Material Detection AI
Using artificial intelligence (AI), we developed a model that identifies materials in damaged buildings in Bucha, Ukraine. This model can recognize materials with up to 86% accuracy, depending on the type of material.
Project team:
Data analysis and development — Herman Mitish, Kateryna Lopatiuk
Research — Svitlana Usychenko, Roman Puchko
Communications — Natalie Shvets
Partners:
UNDP
Kyiv School of Economics (KSE)
Damaged in UA
Supported by:
UNDP
KSE
Year:
2023
Documents:
Project Inquiry
What if AI could analyze images of war-affected buildings in Ukraine, creating a detailed public database of their materials?  

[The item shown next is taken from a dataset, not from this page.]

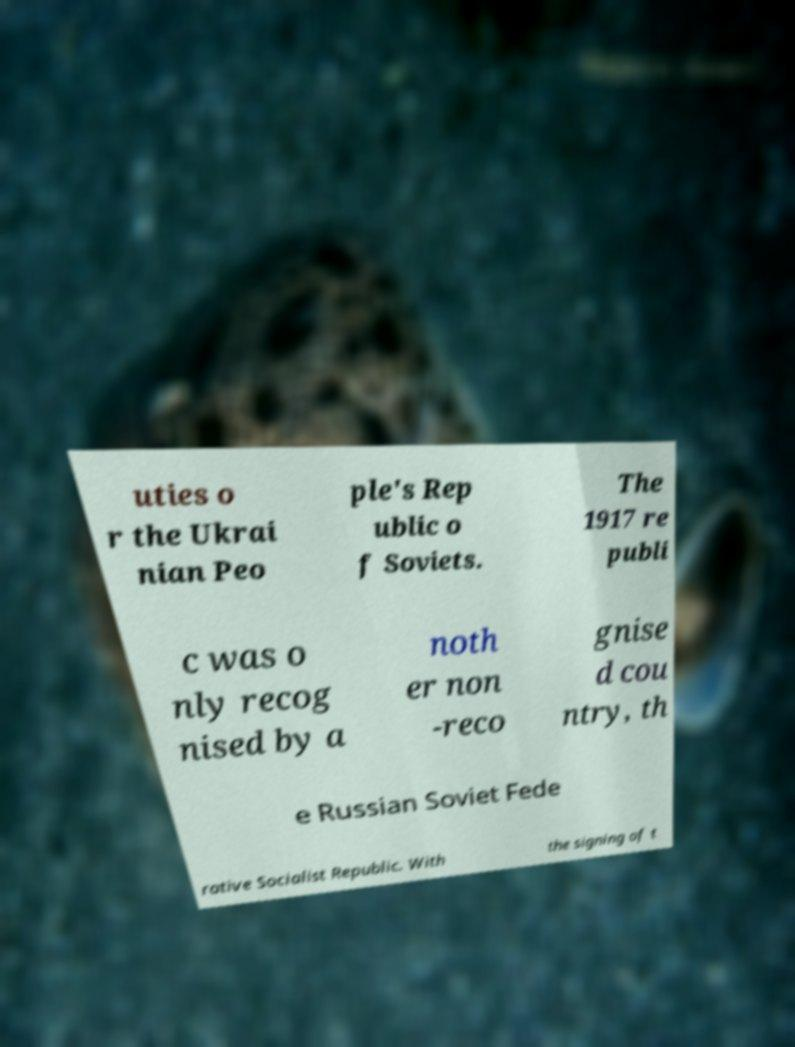Can you accurately transcribe the text from the provided image for me? uties o r the Ukrai nian Peo ple's Rep ublic o f Soviets. The 1917 re publi c was o nly recog nised by a noth er non -reco gnise d cou ntry, th e Russian Soviet Fede rative Socialist Republic. With the signing of t

What if we build a case study in a city like Bucha, so we could see how effectively AI identifies key resources like concrete and metal for reconstruction?  

A successful approach could then be replicated across affected regions, promoting a more sustainable and informed rebuilding process by maximizing salvageable materials.
About
the Project
We trained an AI model to identify materials present in damaged and destroyed buildings in the city of Bucha. Leveraging data on destruction from Damaged In UA, this AI-model achieved an accuracy of up to 86% in classifying materials, with some variation depending on the type.

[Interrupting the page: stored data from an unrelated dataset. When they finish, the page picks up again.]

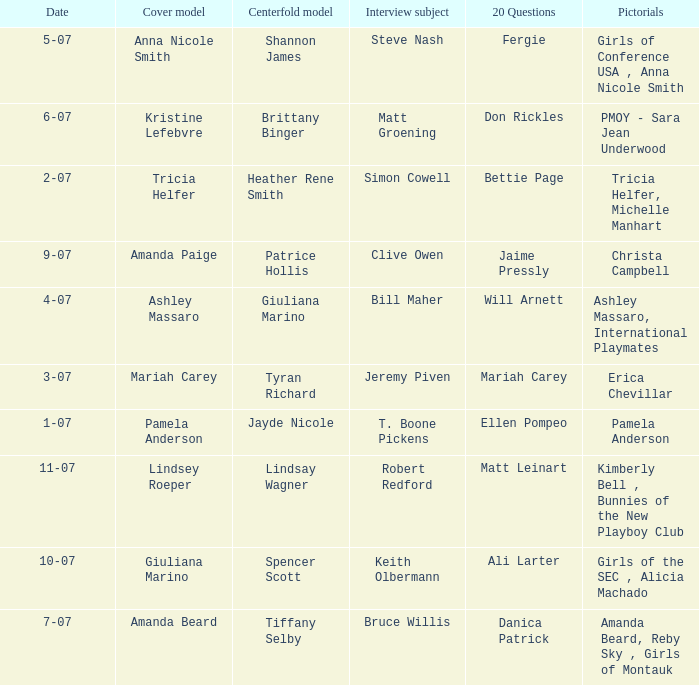Who was the centerfold model in the issue where Fergie answered the "20 questions"? Shannon James. 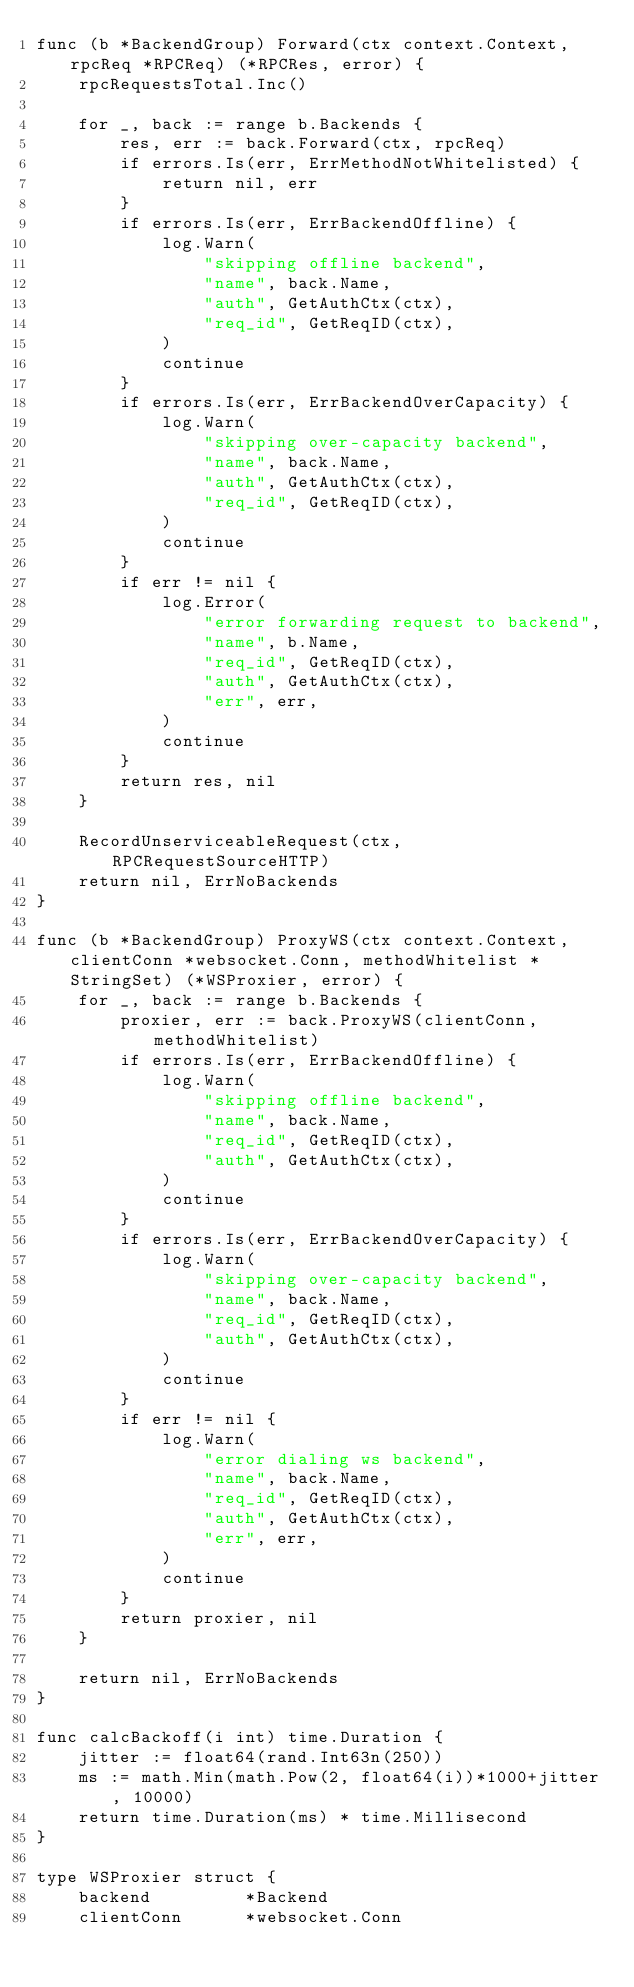<code> <loc_0><loc_0><loc_500><loc_500><_Go_>func (b *BackendGroup) Forward(ctx context.Context, rpcReq *RPCReq) (*RPCRes, error) {
	rpcRequestsTotal.Inc()

	for _, back := range b.Backends {
		res, err := back.Forward(ctx, rpcReq)
		if errors.Is(err, ErrMethodNotWhitelisted) {
			return nil, err
		}
		if errors.Is(err, ErrBackendOffline) {
			log.Warn(
				"skipping offline backend",
				"name", back.Name,
				"auth", GetAuthCtx(ctx),
				"req_id", GetReqID(ctx),
			)
			continue
		}
		if errors.Is(err, ErrBackendOverCapacity) {
			log.Warn(
				"skipping over-capacity backend",
				"name", back.Name,
				"auth", GetAuthCtx(ctx),
				"req_id", GetReqID(ctx),
			)
			continue
		}
		if err != nil {
			log.Error(
				"error forwarding request to backend",
				"name", b.Name,
				"req_id", GetReqID(ctx),
				"auth", GetAuthCtx(ctx),
				"err", err,
			)
			continue
		}
		return res, nil
	}

	RecordUnserviceableRequest(ctx, RPCRequestSourceHTTP)
	return nil, ErrNoBackends
}

func (b *BackendGroup) ProxyWS(ctx context.Context, clientConn *websocket.Conn, methodWhitelist *StringSet) (*WSProxier, error) {
	for _, back := range b.Backends {
		proxier, err := back.ProxyWS(clientConn, methodWhitelist)
		if errors.Is(err, ErrBackendOffline) {
			log.Warn(
				"skipping offline backend",
				"name", back.Name,
				"req_id", GetReqID(ctx),
				"auth", GetAuthCtx(ctx),
			)
			continue
		}
		if errors.Is(err, ErrBackendOverCapacity) {
			log.Warn(
				"skipping over-capacity backend",
				"name", back.Name,
				"req_id", GetReqID(ctx),
				"auth", GetAuthCtx(ctx),
			)
			continue
		}
		if err != nil {
			log.Warn(
				"error dialing ws backend",
				"name", back.Name,
				"req_id", GetReqID(ctx),
				"auth", GetAuthCtx(ctx),
				"err", err,
			)
			continue
		}
		return proxier, nil
	}

	return nil, ErrNoBackends
}

func calcBackoff(i int) time.Duration {
	jitter := float64(rand.Int63n(250))
	ms := math.Min(math.Pow(2, float64(i))*1000+jitter, 10000)
	return time.Duration(ms) * time.Millisecond
}

type WSProxier struct {
	backend         *Backend
	clientConn      *websocket.Conn</code> 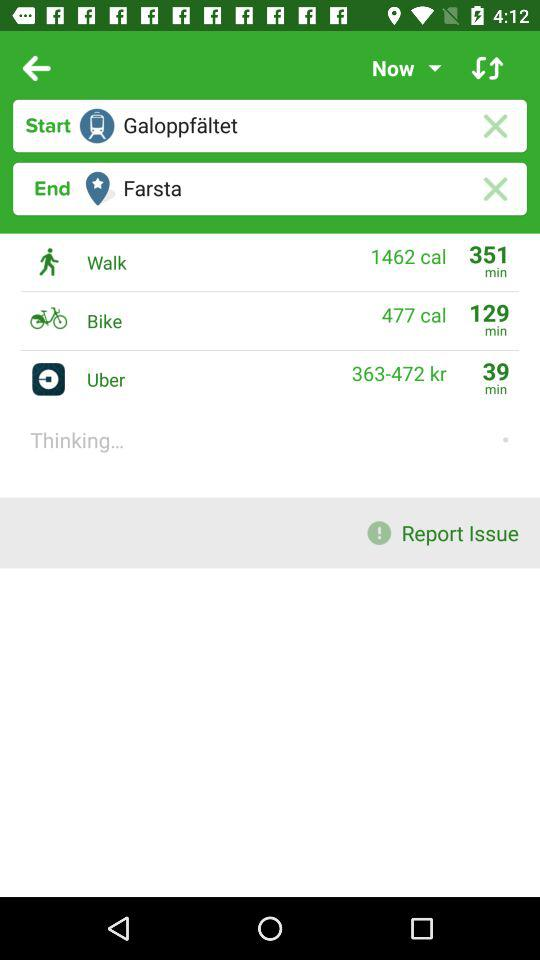How much time will Uber take? Uber will take 39 minutes.

Drone images of the damaged buildings in Bucha, along with data on the level of damage and from open sources, formed the basis for the analysis. The results are available on an interactive web platform featuring two neural network models. The latest versions of the trained model excel at identifying metal sheets, while brick identification remains the weakest at 37% due to limited visibility in the images.

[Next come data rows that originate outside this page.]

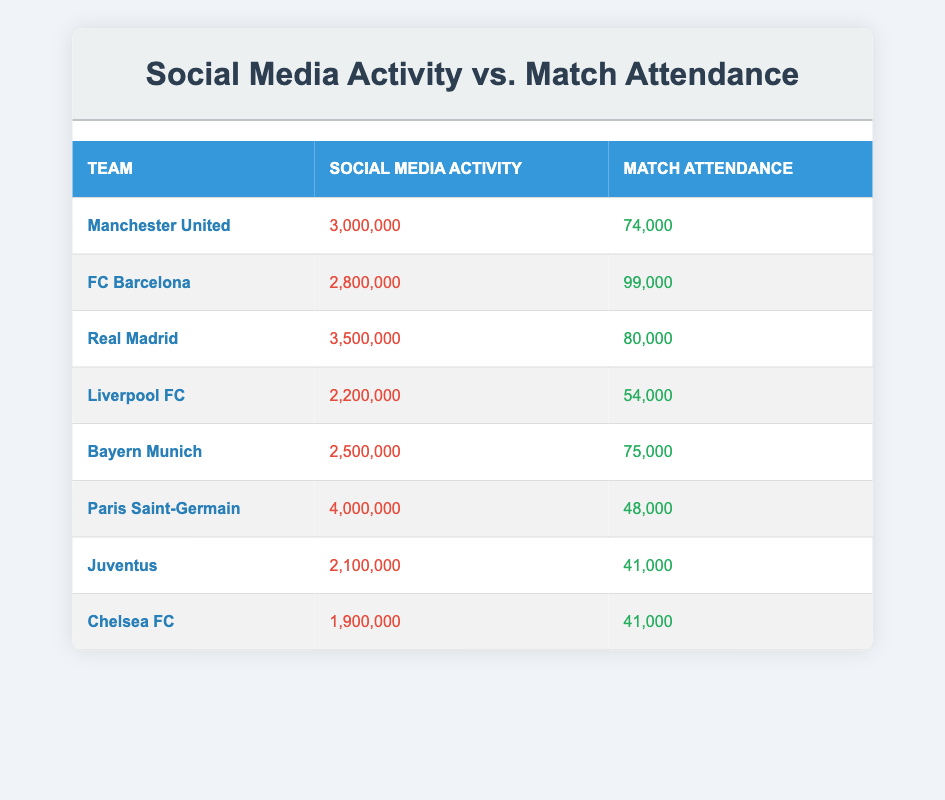What is the social media activity of FC Barcelona? The table directly lists the social media activity for each team. For FC Barcelona, it states that their social media activity is 2,800,000.
Answer: 2,800,000 Which team has the highest match attendance? The match attendance for each team is provided in the table. By comparing the values, I see that FC Barcelona has the highest match attendance at 99,000.
Answer: 99,000 What is the average match attendance for the teams listed? To find the average, add the match attendance values: (74,000 + 99,000 + 80,000 + 54,000 + 75,000 + 48,000 + 41,000 + 41,000) = 512,000. Then, divide by the number of teams (8) to get 512,000 / 8 = 64,000.
Answer: 64,000 Does Paris Saint-Germain have more social media activity than Liverpool FC? By comparing the two specific social media activity values, I find that Paris Saint-Germain has 4,000,000 while Liverpool FC has 2,200,000. Hence, PSG does have more social media activity.
Answer: Yes What is the difference in social media activity between Manchester United and Juventus? The two social media activity values are 3,000,000 for Manchester United and 2,100,000 for Juventus. The difference is calculated as 3,000,000 - 2,100,000 = 900,000.
Answer: 900,000 Which team has the lowest match attendance? The attendance values for each team are compared, and I can see that both Chelsea FC and Juventus have the lowest attendance, which is 41,000.
Answer: 41,000 Is there a correlation between social media activity and match attendance for the teams listed? While the table does not explicitly state correlation, I can analyze the social media activity and match attendance. For example, despite having the highest social media activity (4,000,000), Paris Saint-Germain has low attendance (48,000), indicating a lack of correlation between the two metrics.
Answer: No What team has the most social media activity among all the teams? The table lists the social media activity values, and by comparing, I see that Real Madrid has the highest with 3,500,000.
Answer: Real Madrid 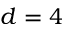Convert formula to latex. <formula><loc_0><loc_0><loc_500><loc_500>d = 4</formula> 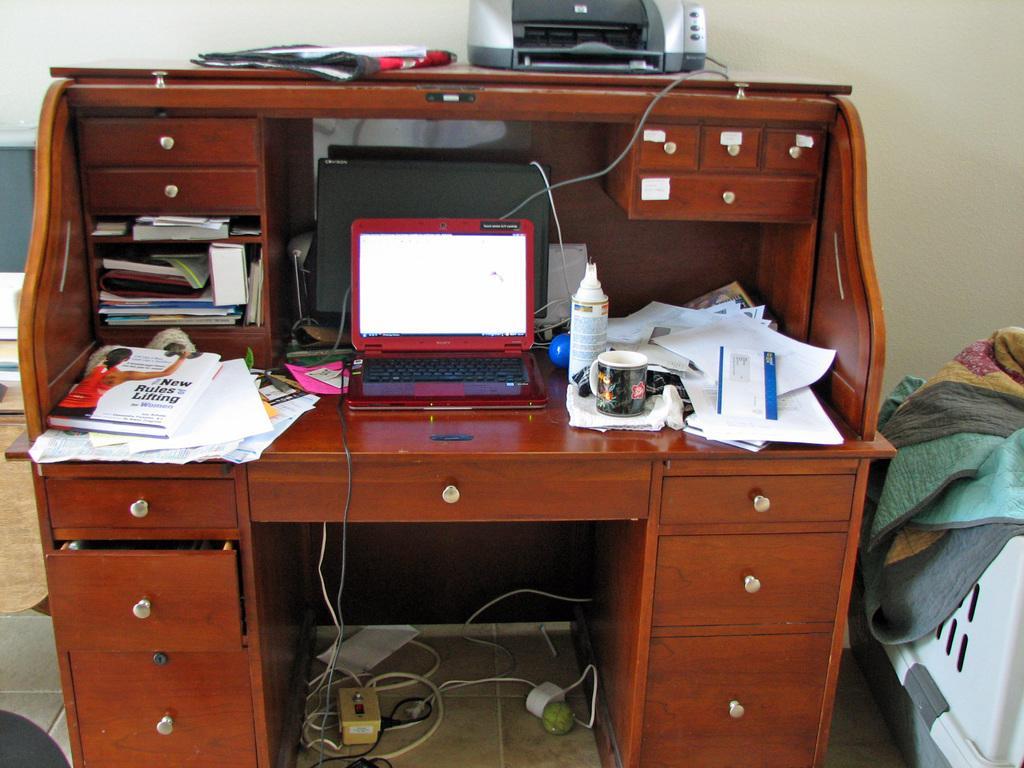How would you summarize this image in a sentence or two? It is Inside a room there is a big computer table with lot of draws, on the table to the left side there are some papers and books in between the laptop and monitor, to the right side there is a cup, a bottle and other papers above the table there is a printer, in the background there is a wall.

The AI identified materials like slate, metal tiles, concrete, bituminous roofing, and metal sheets most frequently.
These materials from destroyed buildings hold significant potential for reuse or recycling. Concrete, metal tiles, and metal sheets offer a 100% recycling rate. However, slate requires 100% disposal due to the presence of asbestos, a hazardous carcinogenic material.
Project Impact
Our methodology demonstrated its effectiveness in assessing damaged buildings across Ukraine. This allows for a more precise evaluation of destruction levels, leading to a better understanding of reconstruction needs across the country.

The approach is particularly valuable in areas with limited access due to minefields, where traditional ground-based assessments are not feasible.  Ultimately, this project enhances Ukraine's ability to evaluate destruction and offers hope for sustainable and informed reconstruction efforts.